- Problem details:
Where a picture appears, omit it; repeat everything else in the records exactly.

- Data supplied:
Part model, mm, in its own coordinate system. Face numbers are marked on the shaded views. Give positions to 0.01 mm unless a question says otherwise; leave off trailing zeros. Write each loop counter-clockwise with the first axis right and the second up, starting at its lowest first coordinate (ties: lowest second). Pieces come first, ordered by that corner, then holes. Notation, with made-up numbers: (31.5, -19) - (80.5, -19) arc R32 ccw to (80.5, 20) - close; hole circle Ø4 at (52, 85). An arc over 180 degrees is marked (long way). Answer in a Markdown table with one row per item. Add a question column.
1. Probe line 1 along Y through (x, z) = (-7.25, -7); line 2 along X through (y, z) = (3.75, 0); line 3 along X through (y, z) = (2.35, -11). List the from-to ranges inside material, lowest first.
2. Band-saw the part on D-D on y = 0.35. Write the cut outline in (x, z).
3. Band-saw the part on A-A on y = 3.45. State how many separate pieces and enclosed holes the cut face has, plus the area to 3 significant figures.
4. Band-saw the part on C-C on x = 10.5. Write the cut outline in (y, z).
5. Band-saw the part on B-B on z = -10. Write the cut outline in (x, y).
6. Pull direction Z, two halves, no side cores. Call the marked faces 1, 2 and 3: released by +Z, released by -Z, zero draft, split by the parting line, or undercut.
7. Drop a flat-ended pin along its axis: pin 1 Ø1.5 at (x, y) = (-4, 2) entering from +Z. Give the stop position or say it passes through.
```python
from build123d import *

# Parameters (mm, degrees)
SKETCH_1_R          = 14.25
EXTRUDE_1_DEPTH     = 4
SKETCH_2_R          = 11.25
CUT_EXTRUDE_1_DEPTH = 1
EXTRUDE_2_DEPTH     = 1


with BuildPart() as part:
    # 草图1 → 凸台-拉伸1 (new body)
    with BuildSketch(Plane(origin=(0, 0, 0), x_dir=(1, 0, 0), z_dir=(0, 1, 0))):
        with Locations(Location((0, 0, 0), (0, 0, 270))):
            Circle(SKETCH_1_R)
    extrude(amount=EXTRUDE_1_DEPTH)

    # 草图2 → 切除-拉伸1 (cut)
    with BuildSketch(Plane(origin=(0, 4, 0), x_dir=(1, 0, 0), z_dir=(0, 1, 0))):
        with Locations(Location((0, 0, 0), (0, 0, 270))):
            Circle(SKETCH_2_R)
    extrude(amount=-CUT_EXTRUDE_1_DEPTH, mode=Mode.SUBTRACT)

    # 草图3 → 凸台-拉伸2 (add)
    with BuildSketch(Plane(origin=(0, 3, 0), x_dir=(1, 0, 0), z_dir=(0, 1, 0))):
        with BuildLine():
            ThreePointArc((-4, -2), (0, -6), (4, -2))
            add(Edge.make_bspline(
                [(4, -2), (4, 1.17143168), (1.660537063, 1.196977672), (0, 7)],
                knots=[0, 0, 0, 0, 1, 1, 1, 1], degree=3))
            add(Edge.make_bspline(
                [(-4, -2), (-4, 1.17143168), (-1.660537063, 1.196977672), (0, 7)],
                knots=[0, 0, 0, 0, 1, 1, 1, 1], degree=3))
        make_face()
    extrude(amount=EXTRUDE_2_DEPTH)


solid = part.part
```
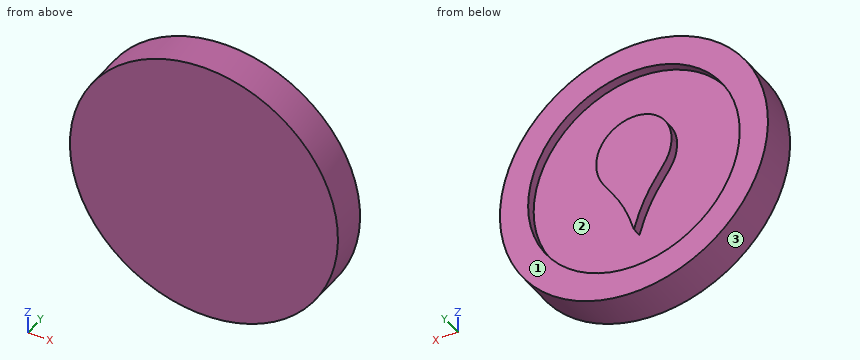
Values:
| question | item | result |
|---|---|---|
| 1 | line 1 | y = 0 to 3 |
| 1 | line 2 | x = -14.25 to -11.25, -3.58 to 3.58, 11.25 to 14.25 |
| 1 | line 3 | x = -9.06 to 9.06 |
| 2 | outline | circle Ø28.5 at (0, 0) |
| 3 | separate pieces | 2 |
| 3 | enclosed holes | 1 |
| 3 | area | 303 mm² |
| 4 | outline | (0, -9.63) - (4, -9.63) - (4, -4.04) - (3, -4.04) - (3, 4.04) - (4, 4.04) - (4, 9.63) - (0, 9.63) - close |
| 5 | outline | (-10.15, 0) - (10.15, 0) - (10.15, 4) - (5.15, 4) - (5.15, 3) - (-5.15, 3) - (-5.15, 4) - (-10.15, 4) - close |
| 6 | face 1 | zero draft |
| 6 | face 2 | undercut |
| 6 | face 3 | split by the parting line |
| 7 | pin 1 | stops at z = 13.87 |

- Written response:
Part model, mm, in its own coordinate system. Face numbers are marked on the shaded views. Give positions to 0.01 mm unless a question says otherwise; leave off trailing zeros. Write each loop counter-clockwise with the first axis right and the second up, starting at its lowest first coordinate (ties: lowest second). Pieces come first, ordered by that corner, then holes. Notation, with made-up numbers: (31.5, -19) - (80.5, -19) arc R32 ccw to (80.5, 20) - close; hole circle Ø4 at (52, 85). An arc over 180 degrees is marked (long way). Answer in a Markdown table with one row per item. Add a question column.
1. Probe line 1 along Y through (x, z) = (-7.25, -7); line 2 along X through (y, z) = (3.75, 0); line 3 along X through (y, z) = (2.35, -11). List the from-to ranges inside material, lowest first.
2. Band-saw the part on D-D on y = 0.35. Write the cut outline in (x, z).
3. Band-saw the part on A-A on y = 3.45. State how many separate pieces and enclosed holes the cut face has, plus the area to 3 significant figures.
4. Band-saw the part on C-C on x = 10.5. Write the cut outline in (y, z).
5. Band-saw the part on B-B on z = -10. Write the cut outline in (x, y).
6. Pull direction Z, two halves, no side cores. Call the marked faces 1, 2 and 3: released by +Z, released by -Z, zero draft, split by the parting line, or undercut.
7. Drop a flat-ended pin along its axis: pin 1 Ø1.5 at (x, y) = (-4, 2) entering from +Z. Give the stop position or say it passes through.
```python
from build123d import *

# Parameters (mm, degrees)
SKETCH_1_R          = 14.25
EXTRUDE_1_DEPTH     = 4
SKETCH_2_R          = 11.25
CUT_EXTRUDE_1_DEPTH = 1
EXTRUDE_2_DEPTH     = 1


with BuildPart() as part:
    # 草图1 → 凸台-拉伸1 (new body)
    with BuildSketch(Plane(origin=(0, 0, 0), x_dir=(1, 0, 0), z_dir=(0, 1, 0))):
        with Locations(Location((0, 0, 0), (0, 0, 270))):
            Circle(SKETCH_1_R)
    extrude(amount=EXTRUDE_1_DEPTH)

    # 草图2 → 切除-拉伸1 (cut)
    with BuildSketch(Plane(origin=(0, 4, 0), x_dir=(1, 0, 0), z_dir=(0, 1, 0))):
        with Locations(Location((0, 0, 0), (0, 0, 270))):
            Circle(SKETCH_2_R)
    extrude(amount=-CUT_EXTRUDE_1_DEPTH, mode=Mode.SUBTRACT)

    # 草图3 → 凸台-拉伸2 (add)
    with BuildSketch(Plane(origin=(0, 3, 0), x_dir=(1, 0, 0), z_dir=(0, 1, 0))):
        with BuildLine():
            ThreePointArc((-4, -2), (0, -6), (4, -2))
            add(Edge.make_bspline(
                [(4, -2), (4, 1.17143168), (1.660537063, 1.196977672), (0, 7)],
                knots=[0, 0, 0, 0, 1, 1, 1, 1], degree=3))
            add(Edge.make_bspline(
                [(-4, -2), (-4, 1.17143168), (-1.660537063, 1.196977672), (0, 7)],
                knots=[0, 0, 0, 0, 1, 1, 1, 1], degree=3))
        make_face()
    extrude(amount=EXTRUDE_2_DEPTH)


solid = part.part
```
Values:
| question | item | result |
|---|---|---|
| 1 | line 1 | y = 0 to 3 |
| 1 | line 2 | x = -14.25 to -11.25, -3.58 to 3.58, 11.25 to 14.25 |
| 1 | line 3 | x = -9.06 to 9.06 |
| 2 | outline | circle Ø28.5 at (0, 0) |
| 3 | separate pieces | 2 |
| 3 | enclosed holes | 1 |
| 3 | area | 303 mm² |
| 4 | outline | (0, -9.63) - (4, -9.63) - (4, -4.04) - (3, -4.04) - (3, 4.04) - (4, 4.04) - (4, 9.63) - (0, 9.63) - close |
| 5 | outline | (-10.15, 0) - (10.15, 0) - (10.15, 4) - (5.15, 4) - (5.15, 3) - (-5.15, 3) - (-5.15, 4) - (-10.15, 4) - close |
| 6 | face 1 | zero draft |
| 6 | face 2 | undercut |
| 6 | face 3 | split by the parting line |
| 7 | pin 1 | stops at z = 13.87 |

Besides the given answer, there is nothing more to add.